We’ve been working on a new home page. Here’s our latest version, largely Alana‘s work.

Right now some users get it and some don’t. You can force it to show the new one or the old one.

Come talk about it here.

I shouldn’t forget to mention that members debated earlier mockups extensively (392 messages!). Wow. Kudos to Alana for keeping her cool in the face of a hundred-headed critic!

Labels: design, new features

Friday, January 9th, 2009

January Early Reviewer Books

The January batch of Early Reviewer books is up! We’ve got 38 books this month, and a grand total 670 copies to give out.

First, make sure to sign up for Early Reviewers. If you’ve already signed up, please check your mailing address and make sure it’s correct.

Then request away! The list of available books is here:
http://www.librarything.com/er/list

The deadline to request a copy is the end of the month— January 31st at 6pm EST.

Eligiblity: Publishers do things country-by-country. This month we have publishers who can send books to the US, Canada, the UK, Israel and Italy. Make sure to check the flags by each book to see if it can be sent to your country.

Thanks to all the publishers participating this month!

12 Bantam Barbour Books
Candlewick Canongate Books Clotho Press Doubleday Books Doubleday Canada Foremost Press Gefen Publishing House Grand Central Publishing Henry Holt and Company IAP Picador Pomegranate Random House Canada Shambhala Springboard Press St. Martin’s Press The Overlook Press The Permanent Press Toby Press W.W. Norton Weinstein Books

Labels: early reviewers, LTER

Friday, January 9th, 2009

Will you like it?

I added something I’ve been working off-and-on for about a year*: “Will you like it?” Here’s an example, correctly predicting that I will like Nabokov’s King, Queen, Knave:

You’ll find the section on work pages.

Because it requires a lot of processing, you have to click to get the result. Here it is, correctly predicting that I would not enjoy a popular book about Knitting:

Each assessment has a “certainty” score (eg., “high,” “low,” etc.) based largely on how popular the book is. You can see the raw scores by hovering over the downward arrow.

How good is it? Meh. It’sokay.

This is a devilishly hard algorithm to get right. I have some ideas for improvement, but it’s fundamentally a lark and a conversation piece at present, so I don’t want to waste too much time on it.

How it works. In case you’re interested, it works completely apart from our book-to-book recommendation system, or the system that aggregates those recommendations into member-specific lists of 1,000 recommended books. Instead, “Will you like it?” works directly from the data, examining the users who have a book and how their books relate to yours.
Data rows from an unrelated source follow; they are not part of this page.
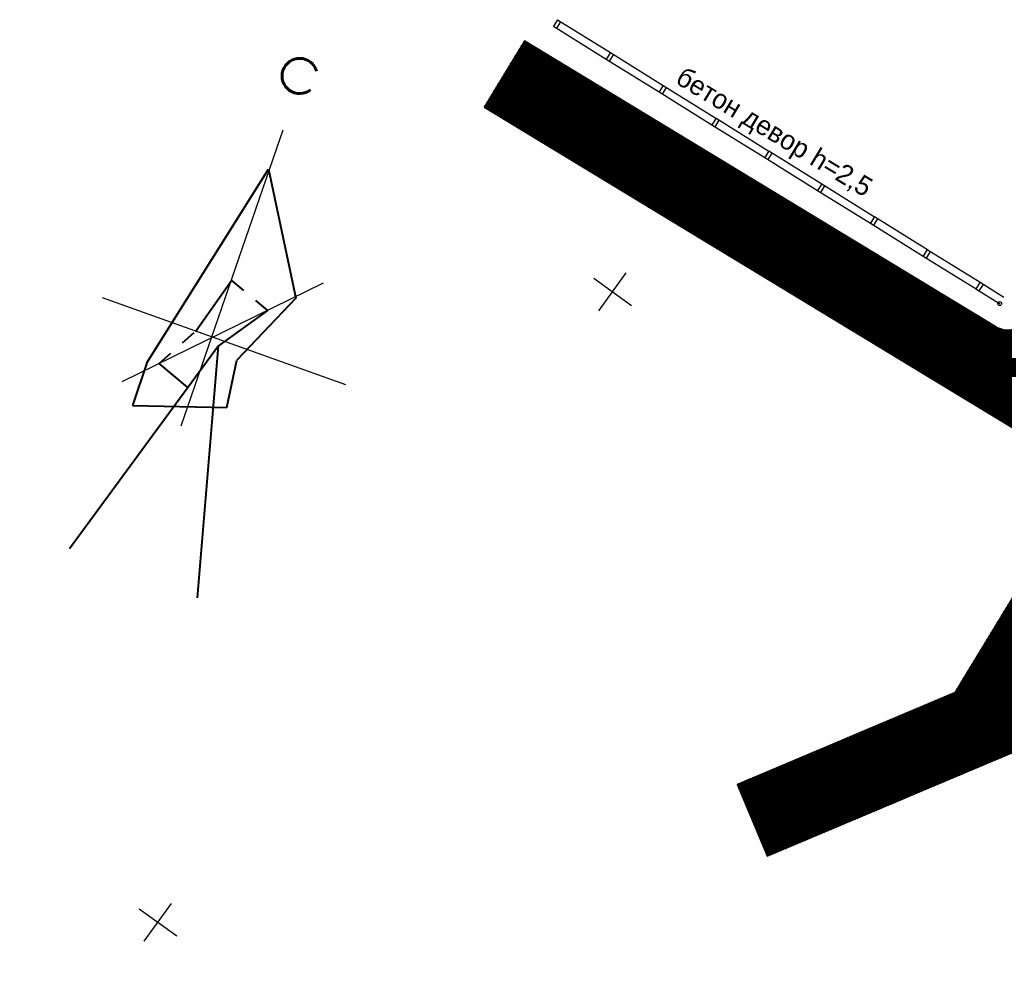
# Model space of a CAD drawing. Extents: x 2931 to 5026, y -2784 to 809.
# Tile 156 of 170: x 2964 to 3091, y 687 to 809. Entities that reach past the tile are written whole.
import ezdxf

# ---------------------------------------------------------------- set-up
doc = ezdxf.new("R2010")
doc.units = 0
doc.header["$MEASUREMENT"] = 0
for name, pattern in [('CONTI', [0]), ('STRIH_1', [3, 2, -1]), ('STRIHSMALL', [1, 0.5, -0.5]), ('Д_ТРОТ_ТРУБА', [3, 1.5, -1.5])]:
    doc.linetypes.add(name, pattern=pattern)
for name, color, linetype in [('(007) Здания', 7, 'Continuous'), ('(025) Дорога', 7, 'Continuous'), ('PI_OTDEFAULT', 172, 'CONTI'), ('PI_TTDEFAULT', 5, 'CONTI'), ('SETKR', 2, 'CONTI'), ('SIT_LDEFAULT', 250, 'CONTI')]:
    doc.layers.add(name, color=color, linetype=linetype)
doc.layers.add('.', color=7, linetype='Continuous', lineweight=15)
doc.styles.add('P-131', font='txt')
doc.styles.add('SHRFT', font='TXT', dxfattribs={"width": 0.75})

# ---------------------------------------------------------------- blocks, each defined once
blk = doc.blocks.new('BL_333')
at = {"color": 0}
for p, q in [((0, -3), (0, 3)), ((-3, 0), (3, 0))]:
    blk.add_line(p, q, dxfattribs=at)
blk = doc.blocks.new('проро')
at = {"linetype": 'Continuous'}
for p, q in [((486.8359485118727, 773.3820869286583), (486.9237564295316, 733.1161808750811)), ((498.1891028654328, 756.4801340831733), (477.9004035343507, 736.0299787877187)), ((505.22749229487, 745.0997570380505), (472.007691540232, 745.4022763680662))]:
    blk.add_line(p, q, dxfattribs=at)
at = {"linetype": 'Continuous', "lineweight": 40}
for p, q in [((480.1385497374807, 739.3804574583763), (486.7384902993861, 768.0578368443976)), ((486.7384902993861, 768.0578368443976), (495.5327562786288, 753.524107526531)), ((495.5327562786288, 753.524107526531), (490.9685386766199, 743.4878157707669)), ((488.1101350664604, 744.4642905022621), (478.6067874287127, 713.5323099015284)), ((496.2330179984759, 712.9526008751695), (488.1101350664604, 744.4642905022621)), ((491.7309792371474, 737.3156000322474), (490.9685386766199, 743.4878157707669)), ((480.1385497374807, 739.3804574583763), (480.2060706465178, 733.6063483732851)), ((480.2060706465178, 733.6063483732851), (491.7309792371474, 737.3156000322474))]:
    blk.add_line(p, q, dxfattribs=at)
at = {"lineweight": 40, "ltscale": 4}
for p, q in [((484.7291830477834, 745.2520311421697), (486.949264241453, 752.948432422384)), ((486.1515599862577, 738.0894204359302), (481.6790507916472, 739.838696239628))]:
    blk.add_line(p, q, dxfattribs=at)
at = {"linetype": 'STRIHSMALL', "lineweight": 40, "ltscale": 4}
for p, q in [((486.9492642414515, 752.9484324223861), (492.5857221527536, 750.8321620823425)), ((481.6790507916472, 739.838696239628), (484.7291830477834, 745.2520311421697))]:
    blk.add_line(p, q, dxfattribs=at)
at = {"linetype": 'ByBlock', "lineweight": 40, "ltscale": 4}
blk.add_line((492.5857221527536, 750.8321620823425), (488.1101350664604, 744.4642905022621), dxfattribs=at)
at = {"color": 1, "linetype": 'Continuous', "lineweight": 60}
blk.add_arc((486.5975595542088, 780.695515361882), 2.269383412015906, 35.08297412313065, 327.0775477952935, dxfattribs=at)
blk = doc.blocks.new('bstrtthtytt434')
at = {"layer": '(025) Дорога', "linetype": 'Д_ТРОТ_ТРУБА'}
blk.add_lwpolyline([(3117.876939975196, 732.165252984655), (3116.361950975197, 731.5601819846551), (3112.451359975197, 729.988630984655), (3107.105163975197, 727.8532189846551), (3101.276028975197, 725.5124509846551), (3095.929832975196, 723.377038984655), (3092.019241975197, 721.8054869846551), (3090.504252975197, 721.200416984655)], dxfattribs=at)
at = {"layer": 'PI_TTDEFAULT', "color": 0}
for centre in [(3090.347470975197, 772.363932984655), (3085.947277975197, 762.990048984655), (3090.504252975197, 721.200416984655), (3090.133640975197, 715.178095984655)]:
    blk.add_circle(centre, 0.25, dxfattribs=at)
for p in [(3090.347470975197, 772.363932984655), (3085.947277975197, 762.990048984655), (3090.504252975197, 721.200416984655), (3090.133640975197, 715.178095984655)]:
    blk.add_point(p, dxfattribs=at)
at = {"layer": 'SIT_LDEFAULT', "color": 250}
for p, q in [((3033.488364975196, 808.890908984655), (3032.957210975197, 808.040746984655)), ((3032.957210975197, 808.040746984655), (3039.754081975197, 803.8194499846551)), ((3033.385230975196, 807.779214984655), (3033.910506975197, 808.6212859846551)), ((3033.488364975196, 808.890908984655), (3040.279357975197, 804.661521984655)), ((3040.285235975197, 804.669611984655), (3039.754081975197, 803.8194499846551)), ((3040.182101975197, 803.557917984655), (3040.707377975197, 804.399989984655)), ((3040.285235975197, 804.669611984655), (3047.076229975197, 800.4402259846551)), ((3039.754081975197, 803.8194499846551), (3046.550952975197, 799.598153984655)), ((3047.076229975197, 800.4402259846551), (3046.545074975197, 799.590063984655)), ((3047.076229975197, 800.4402259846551), (3053.867222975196, 796.210838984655)), ((3046.545074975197, 799.590063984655), (3053.341946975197, 795.368766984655)), ((3046.973094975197, 799.328531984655), (3047.498371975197, 800.170602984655)), ((3053.873100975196, 796.218928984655), (3053.341946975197, 795.368766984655)), ((3053.341946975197, 795.368766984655), (3060.138817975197, 791.147470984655)), ((3053.769965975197, 795.107234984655), (3054.295242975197, 795.9493069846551)), ((3053.873100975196, 796.218928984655), (3060.664093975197, 791.989541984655)), ((3060.669971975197, 791.9976329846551), (3060.138817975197, 791.147470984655)), ((3060.566837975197, 790.885938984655), (3061.092113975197, 791.728010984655)), ((3060.669971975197, 791.9976329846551), (3067.460964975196, 787.768245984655)), ((3060.138817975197, 791.147470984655), (3066.935688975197, 786.9261739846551)), ((3067.460964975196, 787.768245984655), (3066.929810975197, 786.918083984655)), ((3067.460964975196, 787.768245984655), (3074.251957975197, 783.538858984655)), ((3066.929810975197, 786.918083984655), (3073.726681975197, 782.696787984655)), ((3067.357830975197, 786.6565519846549), (3067.883106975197, 787.4986239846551)), ((3074.257835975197, 783.546949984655), (3073.726681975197, 782.696787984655)), ((3073.726681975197, 782.696787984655), (3080.523552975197, 778.475490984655)), ((3074.154701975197, 782.435255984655), (3074.679977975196, 783.277326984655)), ((3074.257835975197, 783.546949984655), (3081.048828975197, 779.3175629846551)), ((3081.046616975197, 779.3315309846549), (3080.515462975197, 778.4813689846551)), ((3080.943482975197, 778.219836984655), (3081.468758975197, 779.061908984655)), ((3081.046616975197, 779.3315309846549), (3087.837609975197, 775.1021439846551)), ((3080.515462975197, 778.4813689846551), (3087.312333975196, 774.2600729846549)), ((3087.837609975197, 775.1021439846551), (3087.306455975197, 774.251981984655)), ((3087.837609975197, 775.1021439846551), (3090.872746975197, 773.206004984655)), ((3087.306455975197, 774.251981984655), (3090.347470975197, 772.363932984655)), ((3087.734475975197, 773.990449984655), (3088.259751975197, 774.832521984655))]:
    blk.add_line(p, q, dxfattribs=at)
at = {"linetype": 'Continuous', "rotation": 340.8436688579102}
blk.add_blockref('проро', (2284.489498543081, 223.856739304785), dxfattribs=at)
at = {"layer": 'SETKR', "color": 92, "rotation": 324.2135499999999}
for p in [(3040.57462958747, 773.8650364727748), (2982.098044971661, 692.7448234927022)]:
    blk.add_blockref('BL_333', p, dxfattribs=at)
at = {"layer": '(007) Здания', "style": 'P-131'}
blk.add_text('бетон девор h=2,5', height=2.5, rotation=328.8528764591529, dxfattribs=at).set_placement((3048.494281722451, 800.8140672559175))
at = {"layer": 'PI_OTDEFAULT', "color": 0, "style": 'SHRFT', "width": 0.75}
blk.add_text('300.26', height=1.75, dxfattribs=at).set_placement((3086.786346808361, 763.2134056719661))

msp = doc.modelspace()

# ---------------------------------------------------------------- hatches: boundary and pattern name
at = {"layer": '.', "linetype": 'ByBlock', "lineweight": 50}
h = msp.add_hatch(dxfattribs=at)
h.set_pattern_fill('ANSI31', color=252)
h.set_pattern_definition([(45, (0, 2263.049007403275), (-0.08838834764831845, 0.08838834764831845), [])])
edge = h.paths.add_edge_path()
edge.add_line((3056.579508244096, 710.4772648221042), (3060.468574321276, 701.2644929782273))
edge.add_line((3060.468574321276, 701.2644929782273), (3091.428099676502, 714.3337018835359))
edge.add_arc((3092.594819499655, 711.569870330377), 2.999999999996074, 59.08883293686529, 112.8864824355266, ccw=False)
edge.add_line((3094.135944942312, 714.1437647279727), (3125.421424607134, 695.4115087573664))
edge.add_arc((3123.880299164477, 692.8376143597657), 3.000000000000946, 6.846905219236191, 59.0888329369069, ccw=False)
edge.add_line((3126.858903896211, 693.1952648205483), (3145.92372928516, 534.4185111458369))
edge.add_line((3145.92372928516, 534.4185111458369), (3153.629677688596, 470.2413971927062))
edge.add_line((3153.629677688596, 470.2413971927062), (3155.627738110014, 433.1622157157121))
edge.add_line((3155.627738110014, 433.1622157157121), (3160.809987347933, 333.3717569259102))
edge.add_arc((3157.814024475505, 333.2161726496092), 2.999999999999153, -86.74722545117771, 2.9727744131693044, ccw=False)
edge.add_line((3157.984247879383, 330.2210058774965), (3050.375705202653, 324.1053222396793))
edge.add_line((3050.375705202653, 324.1053222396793), (3050.943116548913, 314.1214329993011))
edge.add_line((3050.943116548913, 314.1214329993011), (3313.191871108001, 328.9630528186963))
edge.add_line((3313.191871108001, 328.9630528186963), (3312.624459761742, 338.9469420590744))
edge.add_line((3312.624459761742, 338.9469420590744), (3173.95866141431, 331.1288748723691))
edge.add_arc((3173.788438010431, 334.1240416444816), 2.999999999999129, 182.972774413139, 273.2527745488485, ccw=False)
edge.add_line((3170.792475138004, 333.9684573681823), (3164.49681413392, 454.6474962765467))
edge.add_line((3164.49681413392, 454.6474962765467), (3163.4838931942, 473.3022179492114))
edge.add_line((3163.4838931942, 473.3022179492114), (3160.81852438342, 495.1981994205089))
edge.add_arc((3164.480270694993, 494.8653379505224), 3.67684413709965, 91.76941746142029, 174.8059522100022, ccw=False)
edge.add_line((3164.36673985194, 498.5404289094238), (3165.328204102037, 498.6331989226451))
edge.add_line((3165.328204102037, 498.6331989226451), (3157.302999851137, 580.441440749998))
edge.add_arc((3156.299241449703, 586.9544981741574), 6.589950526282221, 187.8889569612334, 278.7611968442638, ccw=False)
edge.add_line((3149.771658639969, 586.0500035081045), (3140.934979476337, 659.8820920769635))
edge.add_line((3140.934979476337, 659.8820920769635), (3139.504408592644, 672.5438660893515))
edge.add_line((3139.504408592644, 672.5438660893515), (3136.203008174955, 699.2559498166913))
edge.add_arc((3133.224403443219, 698.8982993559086), 3.000000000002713, 6.84690521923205, 59.08883293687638)
edge.add_line((3134.765528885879, 701.47219375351), (3099.87037971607, 722.3657479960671))
edge.add_arc((3101.693711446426, 725.0245151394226), 3.223907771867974, 157.9186088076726, 235.5584146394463, ccw=False)
edge.add_line((3098.706274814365, 726.2364572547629), (3108.700353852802, 742.7227864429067))
edge.add_arc((3111.264605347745, 741.1656691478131), 3.00000000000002, 58.73218183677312, 148.732181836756, ccw=False)
edge.add_line((3112.821722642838, 743.729920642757), (3205.618491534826, 687.379966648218))
edge.add_line((3205.618491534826, 687.379966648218), (3207.292050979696, 686.4698585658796))
edge.add_line((3207.292050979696, 686.4698585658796), (3243.014474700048, 673.1244149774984))
edge.add_line((3243.014474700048, 673.1244149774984), (3266.942729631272, 664.2499407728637))
edge.add_line((3266.942729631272, 664.2499407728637), (3413.241120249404, 576.1905417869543))
edge.add_line((3413.241120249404, 576.1905417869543), (3418.398145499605, 584.7582188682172))
edge.add_line((3418.398145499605, 584.7582188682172), (3272.099754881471, 672.8176178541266))
edge.add_line((3272.099754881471, 672.8176178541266), (3270.420061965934, 673.6258759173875))
edge.add_line((3270.420061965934, 673.6258759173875), (3212.929790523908, 694.9477789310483))
edge.add_line((3212.929790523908, 694.9477789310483), (3210.80888251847, 695.9274716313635))
edge.add_line((3210.80888251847, 695.9274716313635), (3103.502412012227, 761.0883037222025))
edge.add_arc((3105.05952930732, 763.6525552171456), 2.999999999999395, 149.0720988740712, 238.7321818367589, ccw=False)
edge.add_line((3102.486085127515, 765.1944323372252), (3107.443599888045, 773.4686893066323))
edge.add_line((3107.443599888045, 773.4686893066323), (3098.865452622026, 778.6082797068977))
edge.add_line((3098.865452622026, 778.6082797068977), (3093.95672483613, 770.4154498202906))
edge.add_arc((3091.383280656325, 771.9573269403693), 2.999999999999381, 238.7321818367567, 329.07209887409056, ccw=False)
edge.add_line((3089.826163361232, 769.3930754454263), (3029.258160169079, 806.1724184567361))
edge.add_line((3029.258160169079, 806.1724184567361), (3024.067769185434, 797.6249134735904))
edge.add_line((3024.067769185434, 797.6249134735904), (3099.145714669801, 752.0345462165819))
edge.add_arc((3097.588597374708, 749.4702947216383), 2.999999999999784, -31.267816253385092, 58.732181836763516, ccw=False)
edge.add_line((3100.152848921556, 747.9131775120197), (3084.60404677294, 722.3075026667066))
edge.add_line((3084.60404677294, 722.3075026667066), (3056.579508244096, 710.4772648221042))

# ---------------------------------------------------------------- linework, layer by layer
at = {"color": 7, "linetype": 'ByBlock', "lineweight": 30}
msp.add_lwpolyline([(3270.420061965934, 673.6258759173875), (3212.929790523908, 694.9477789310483), (3210.80888251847, 695.9274716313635), (3103.502412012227, 761.0883037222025, -0.4124769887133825), (3102.486085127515, 765.1944323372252), (3107.443599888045, 773.4686893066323), (3098.865452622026, 778.6082797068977), (3093.95672483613, 770.4154498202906, -0.4159522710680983), (3089.826163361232, 769.3930754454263), (3029.258160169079, 806.1724184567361), (3024.067769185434, 797.6249134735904), (3099.145714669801, 752.0345462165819, -0.4142135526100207), (3100.152848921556, 747.9131775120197), (3084.60404677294, 722.3075026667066), (3056.579508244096, 710.4772648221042), (3060.468574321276, 701.2644929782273), (3091.428099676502, 714.3337018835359, -0.2391451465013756), (3094.135944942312, 714.1437647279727), (3125.421424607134, 695.4115087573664, -0.231980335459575), (3126.858903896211, 693.1952648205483), (3145.92372928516, 534.4185111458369)], format="xyb", dxfattribs=at)
at = {"color": 7, "linetype": 'STRIH_1', "lineweight": 30, "true_color": 0xfff5eb}
for points in [[(3026.662964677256, 801.8986659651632), (3111.171935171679, 750.0647552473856), (3209.067156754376, 691.8240388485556), (3269.403097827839, 669.0051670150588), (3415.996489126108, 580.768202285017)], [(3058.524041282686, 705.8708789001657), (3089.863285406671, 719.4067419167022), (3105.240161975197, 745.8209749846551)]]:
    msp.add_lwpolyline(points, dxfattribs=at)

# ---------------------------------------------------------------- block references
at = {"linetype": 'ByBlock'}
msp.add_blockref('bstrtthtytt434', (0, 0), dxfattribs=at)

doc.saveas('drawing.dxf')

As such, it isn’t very good at sussing out where your tastes differ from those of people who share your books. For example, my large collection of books on Greek history match me up with people who enjoy other ancient history, but I am not that interested in early Republican Rome, no matter what the algorithm thinks.

What’s interesting? I’m not going to claim it’s perfect, but it’s interesting that, to my knowledge, nobody’s every tried this before.

I think this is yet another case of Amazon limiting the horizons of what people imagine online, particularly in the online book world. Amazon pioneered book-to-book and user-to-book reviews. The work was groundbreaking but it was also routed in commercial success. User-to-book recommendations drive customers to books they’ll like and book-to-book recommendations help them find the perfect book, as well as increase the number of items in each order. Giving people honest assessments of whether they’ll like a book is murkier. Does Amazon want to tell a customer they won’t enjoy something? And what if they’re wrong?

Meanwhile, LibraryThing succeeds by being fun and interesting, not by selling books. It gives us a rare freedom to invent features that don’t sell books, like our Unsuggester—what books will you hate?—and now this.

I started a topic to discuss it.


*Don’t worry. This didn’t distract. I just pushed two combination/separation bug fixes, and Chris and I are hard at work on the catalog, in preparation for some larger changes (ETA: one week?).